Наконец он, видимо, понял ее отчаяние, потому что, бросив: «Минуточку», исчез в комнате за стеной. Через несколько секунд он появился и изрек:

— Я нарушаю правила, но — черт с ними. Пройдите в то помещение, там один парень вам все расскажет.

Объятая страхом, Андреа обогнула стойку и вбежала в заднюю комнату, а ее сердце уже стучало как молот. Трое мужчин в летной форме о чем-то совещались, но, когда она вошла, замолчали. Один обернулся.

— Люк!! — не веря своим глазам, закричала Андреа. Это был возглас облегчения и радости, который она не смогла сдержать. — Ты жив! — Поняв, как она выглядит со стороны, девушка покраснела. — Извините, я не знала, что... — начала она, заикаясь от смущения. Она увидела, что Люк не просто смотрит на нее, а разглядывает ее, пожирает глазами, не думая о том, что они не одни. — Вы не приехали на тренировку, и ребята попросили меня узнать, что случилось, — наконец-то закончила она.

— Я очень рад, что ребята по мне соскучились, — ответил Лукас. И добавил после паузы: — Расти, Сэм, познакомьтесь, это пастор Мейерс.

Они пожали ей руку, а рыжеволосый Расти обошел девушку со всех сторон, разглядывая ее.

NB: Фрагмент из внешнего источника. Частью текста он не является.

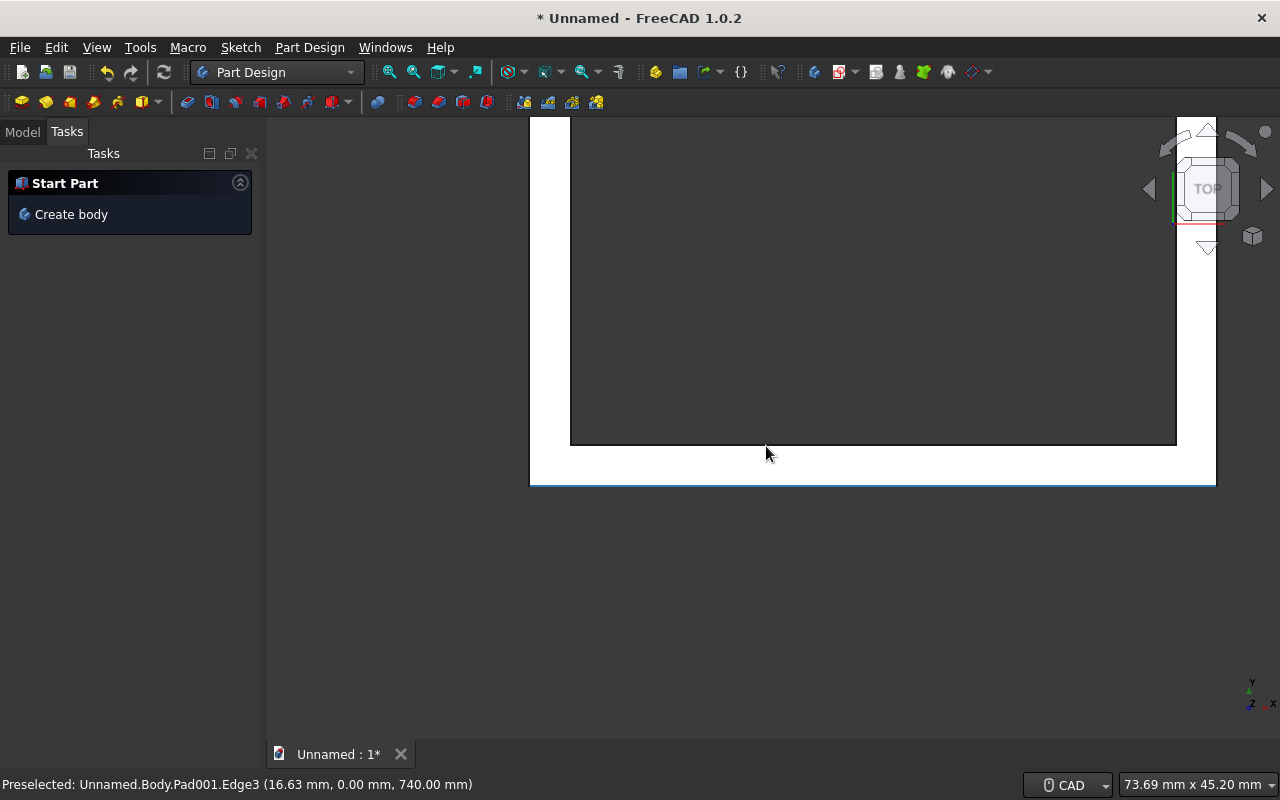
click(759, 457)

— Если бы в нашей церкви был такой пастор, я, пожалуй, начал бы ее посещать, — сказал он.

Андреа засмеялась, несмотря на свое смущение. Она старалась не встречаться глазами с Лукасом, но другие два летчика смотрели на нее и Гастингса с живым интересом, и это смущало ее еще больше. Им что, совсем нечего делать? — думала она.

— Я думаю, было бы неплохо, — сказала Андреа Лукасу, — если бы вы сообщили Кейси, что с вами все в порядке. До того, как вы отсюда уедете. — И добавила: — Он к вам очень привязан.

— Отличный парень, — сказал Лукас, улыбнувшись так, как она любила. — Я ему только что звонил, мы договорились провести завтра утром тренировку вместо сегодняшней. А он сообщит всем остальным.

У девушки вырвался вздох облегчения.

— Слава Богу, они сегодня будут спать спокойно.

— Вот это как раз то, чего мне очень не хватает, — ответил Лукас. Слегка потянувшись, он придвинулся к ней поближе. — А не хочет ли пастор совершить еще один акт милосердия?

Под глазами его появились морщинки, вызвавшие у нее сострадание. Андреа жаждала узнать, что случилось с Лукасом, что его так задержало, но она решила повременить с вопросами.

— Конечно, хочу. Что нужно делать?

— Не могли бы вы забросить меня домой, по дороге к себе? Я собирался попросить одного из этих типов, но они оба будут работать еще пару часов.

Ноги у нее подкосились.

— А что с вашей машиной?

— Ничего, она просто на обслуживании. Я не успел ее взять, а автосервис уже закрыт.

— Я с удовольствием вас отвезу, если вы не возражаете делить переднее сиденье с настольной лампой.

Глаза его заблестели.

— Ну что ж, погнали? Домой!

Он надел куртку, одновременно говоря «до свидания», сжал рукой локоть девушки и вывел ее из комнаты. Молодой летчик попрощался с ними. Обняв Анди за талию, Люк повел ее к машине.

Она даже не пыталась выскользнуть из объятий: после всех ее страхов, сомнений в том, жив ли он, было приятно идти вот так, чувствуя рядом его сильное тело.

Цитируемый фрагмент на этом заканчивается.